Acha permaneció impasible.
—Comprendo.
—Que mi hermano Ramsés se libre de los libios con sus armas habituales; más tarde, si sigue necesitando hierro, le mandaré una cantidad razonable. Dile que esta petición me sorprende.
—Se lo comunicaré, majestad.
Hattusil volvió a sentarse.
—Vayamos a lo esencial: ¿cuándo debe salir mi hija del Hatti para convertirse en la gran esposa real del Ramsés?
—Bueno… la fecha no se ha fijado todavía.
—¿No has venido para anunciármela?
—Una decisión tan importante exige reflexión, y…
—Basta de diplomacia —intervino la emperatriz—. ¿Acepta o no Ramsés repudiar a Iset la bella y ascender a nuestra hija al rango de reina de Egipto?
—La situación es delicada, majestad. La justicia egipcia no admite el repudio.
—¿Acaso una mujer dictará la ley? —preguntó con sequedad Hattusil—. Me importa un comino la tal Iset y sus deseos; Ramsés sólo se casó con ella para sustituir a Nefertari, una verdadera reina cuyo papel fue determinante en la construcción de la paz. Iset no cuenta. Para sellar definitivamente nuestra alianza, Ramsés debe casarse con una hitita.
—Vuestra hija podría convertirse en esposa secundaria y…
—Será reina de Egipto o…
Hattusil se interrumpió, como si las palabras que iba a pronunciar le asustaran.
—¿Por qué se empeña Ramsés en rechazar nuestra proposición? —preguntó la emperatriz en un tono conciliador.

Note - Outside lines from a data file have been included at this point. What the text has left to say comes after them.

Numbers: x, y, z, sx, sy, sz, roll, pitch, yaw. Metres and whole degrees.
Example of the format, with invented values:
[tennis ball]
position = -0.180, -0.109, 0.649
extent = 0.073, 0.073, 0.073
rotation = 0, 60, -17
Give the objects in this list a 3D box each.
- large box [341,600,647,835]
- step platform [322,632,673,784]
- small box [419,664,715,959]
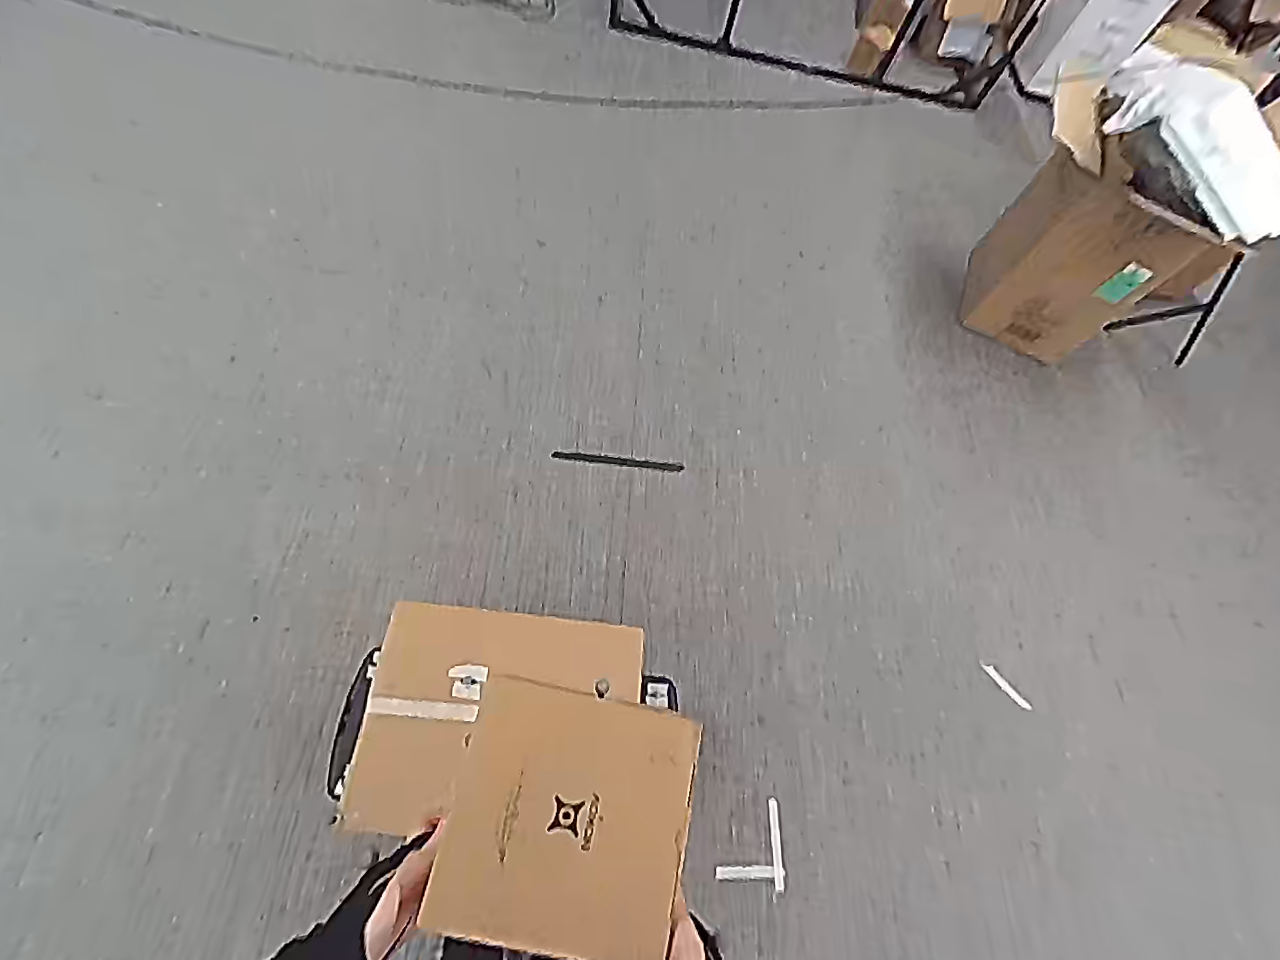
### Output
[large box]
position = -0.213, 0.414, 0.936
extent = 0.408, 0.320, 0.320
rotation = 8, 62, -5
[step platform]
position = -0.270, 0.532, 1.137
extent = 0.684, 0.204, 0.286
rotation = 13, 62, -3
[small box]
position = -0.054, 0.259, 0.458
extent = 0.179, 0.176, 0.168
rotation = 15, 69, -3
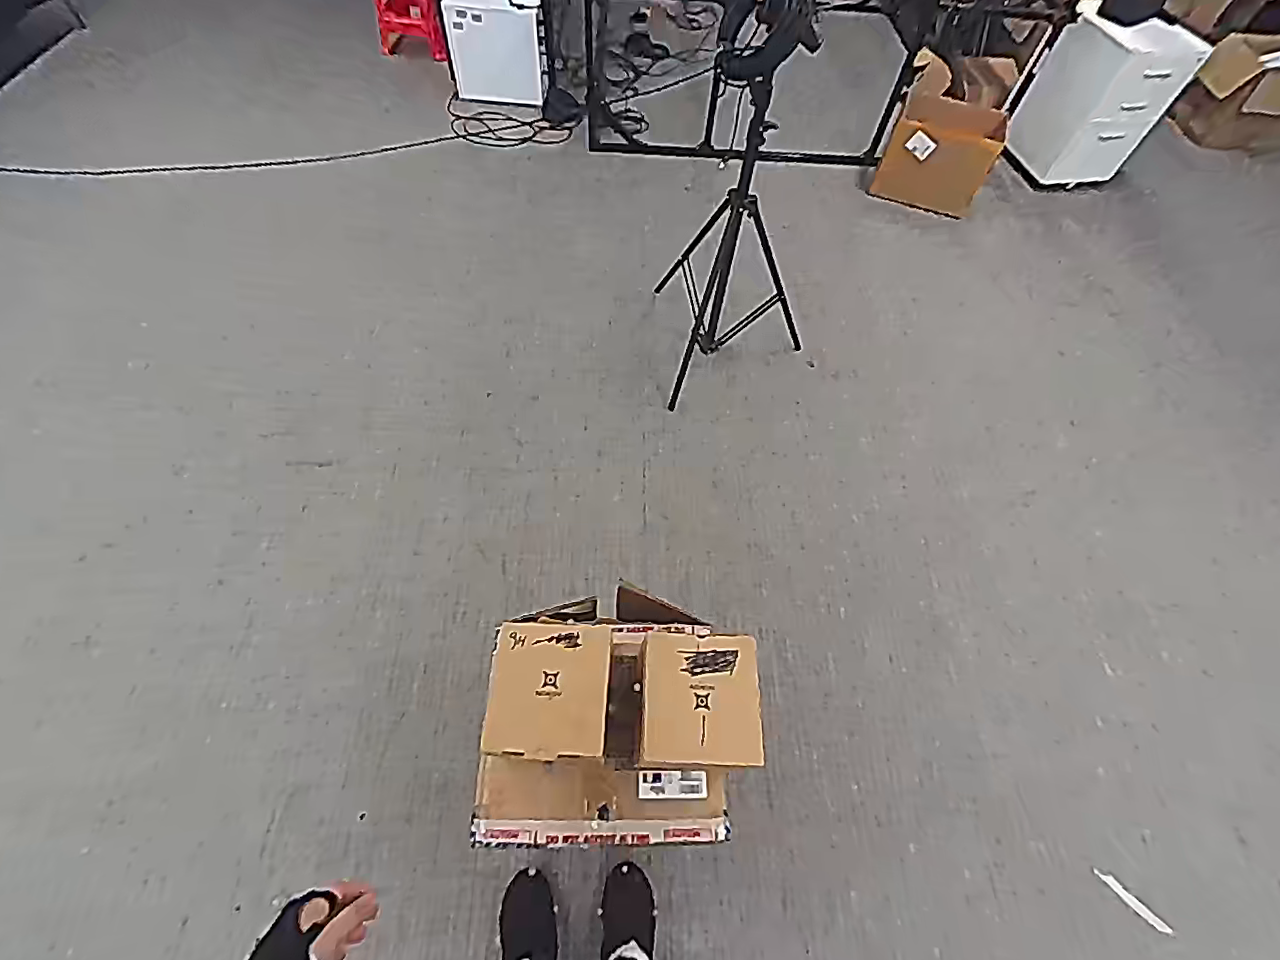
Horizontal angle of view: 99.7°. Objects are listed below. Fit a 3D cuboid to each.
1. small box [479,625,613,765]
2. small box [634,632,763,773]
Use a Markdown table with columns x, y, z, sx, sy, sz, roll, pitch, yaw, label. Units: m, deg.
| x | y | z | sx | sy | sz | roll | pitch | yaw | label |
| --- | --- | --- | --- | --- | --- | --- | --- | --- | --- |
| -0.129 | 0.331 | 0.823 | 0.168 | 0.176 | 0.179 | 3 | 61 | 0 | small box |
| 0.080 | 0.346 | 0.830 | 0.168 | 0.176 | 0.179 | 4 | 60 | -3 | small box |

—Porque un faraón no repudia a una gran esposa real. Contradice la ley de Maat.
—¿Es una posición definitiva?
—Eso temo, majestad.
—¿Es consciente Ramsés de las consecuencias de su intransigencia?
—A Ramsés sólo le preocupa una cosa: actuar rectamente.
Hattusil se levantó.
—La entrevista ha terminado. Dile esto a mi hermano el faraón: o fija cuanto antes una fecha para su boda con mi hija o será la guerra.